Congress and the Ninth Amendment
posted by Brian Kalt
An idea I have been kicking around for about twelve years now, and should finally be writing down this summer: Congress and the Ninth Amendment. I have a lot of dimensions of this question to hunt down, but I am very open to thoughts and suggestions from anyone.
Congress is talking about the Constitution more these days, and that should be good news for Democrats and Republicans alike.
The House’s new Republican majority now requires that proposed legislation include a statement of constitutional authority, identifying which of Congress’s constitutional powers the legislation is based on. This forces both sides to think about, and publicly debate, the proper scope of federal legislation, which is supposed to be directed only at the items (like interstate commerce, defense, etc.) listed in Article I, Section 8 of the Constitution.
Some critics deny that interpreting the Constitution is any of Congress’s business. “It’s the courts’ job,” they say. But the Founders expected Congress and the president to consider the Constitution before passing laws. It worked for a while; many of the greatest constitutional-law arguments in the nation’s first century played out in Senate debates and presidential veto messages, and not in the Supreme Court. Gradually, however, Congresses and presidents relinquished their share of the responsibility. Often now, courts not only get the last word on the Constitution, they get the only word. But the original vision is surely more protective of the Constitution, just as it is healthier to brush and floss your teeth than it is to delegate things entirely to your dentist.

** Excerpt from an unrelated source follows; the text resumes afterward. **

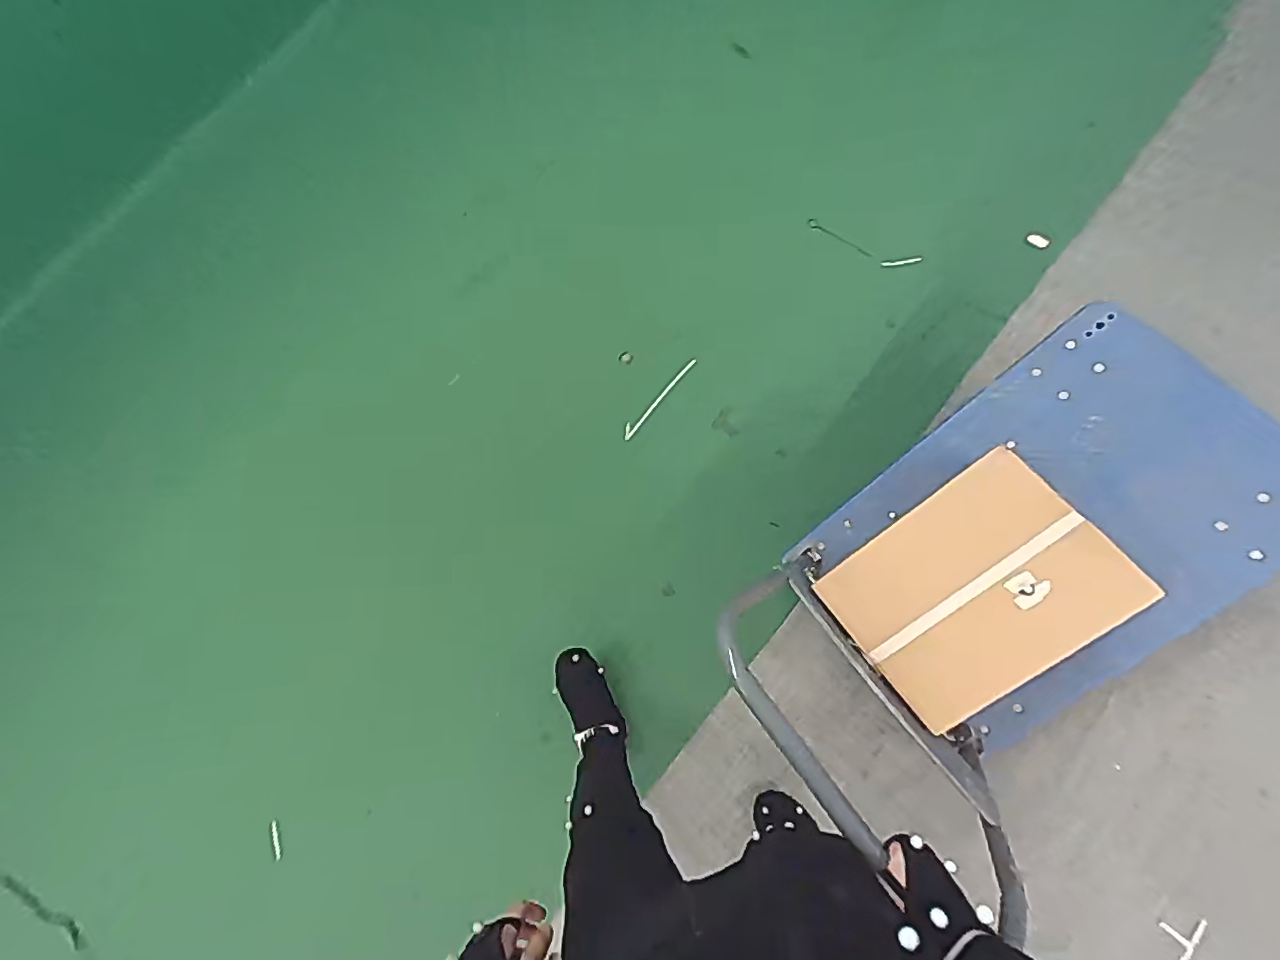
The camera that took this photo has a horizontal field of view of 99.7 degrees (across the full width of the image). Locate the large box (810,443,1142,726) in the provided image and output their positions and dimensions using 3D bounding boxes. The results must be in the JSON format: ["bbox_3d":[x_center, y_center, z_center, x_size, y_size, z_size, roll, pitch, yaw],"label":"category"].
[{"bbox_3d":[0.600,0.194,1.056,0.408,0.320,0.320,-41,72,13],"label":"large box"}]

Liberals are understandably unenthusiastic about debating the constitutional bounds of federal power—a debate they thought they won decisively back when Franklin Roosevelt was president. But they (along with conservatives, libertarians, and everyone else) should be excited about a parallel opportunity: to debate the constitutional bounds of rights. In particular, Congress can finally give meaning to the Ninth Amendment.
The Ninth Amendment declares, “The enumeration in the Constitution of certain rights shall not be construed to deny or disparage others retained by the people.” In other words, listing some rights in the Bill of Rights doesn’t weaken the unlisted ones. The Supreme Court has never done much with the Ninth Amendment. Unenumerated rights are by definition difficult to identify—there are many theories, but no consensus, on what these Ninth Amendment rights are. Even when the Court concludes that a new right exists, it resists calling it unenumerated, instead contorting the law to find it somewhere in the Constitution’s text and its penumbras.
The Ninth Amendment has much better potential in Congress. Its message is important there, even if it has been forgotten: do not read the Bill of Rights as an exclusive list, with any sort of government action permitted as long as it is not specifically forbidden. This is particularly powerful when combined with Congress’s renewed determination not to leave constitutional interpretation solely up to the courts. Instead of Congress asking only, “Would the Court strike down this law on First Amendment grounds? Second Amendment? etc.?”, it can also ask “Do we think that this violates free speech? Gun rights? Any rights not specified in the Constitution?” The Court will still get its chance to weigh in on a law’s constitutionality, but only if Congress and the president first conclude that the law is constitutional and pass it.
Take privacy as an example. Instead of just dissecting (or ignoring) the Court’s complicated privacy jurisprudence, Congress should make up its own mind on what privacy is all about, and on which government actions cross the line. The debate on one potentially intrusive law could pick up where the last one left off. The public would benefit from hearing what its representatives and senators truly think about privacy, and could keep it in mind when the next election comes along.
There is something here for everyone: the right to abortion and the right to life; the right to health insurance and the right not to have health insurance; the right to class equality and the right to purely individual treatment. Making these things a matter of congressional debate—of shifting political majorities and public opinion—admittedly means that any such rights are weak, and potentially reversed by shifting political whim. But lately, that’s how rights often get treated in court too. This sort of flexibility is unsettling there, but at Congress it is right at home. Besides, since by definition these are rights the Court is not protecting right now, proponents of the right would have nothing to lose.
The Ninth Amendment helps us remember that there is more to rights than what courts write about them, or even than what the Constitution says about them. The more that Congress elevates its discussion about the proper bounds of government power and individual liberty—and the less that those things are left to the sole discretion of our courts—the better off we are.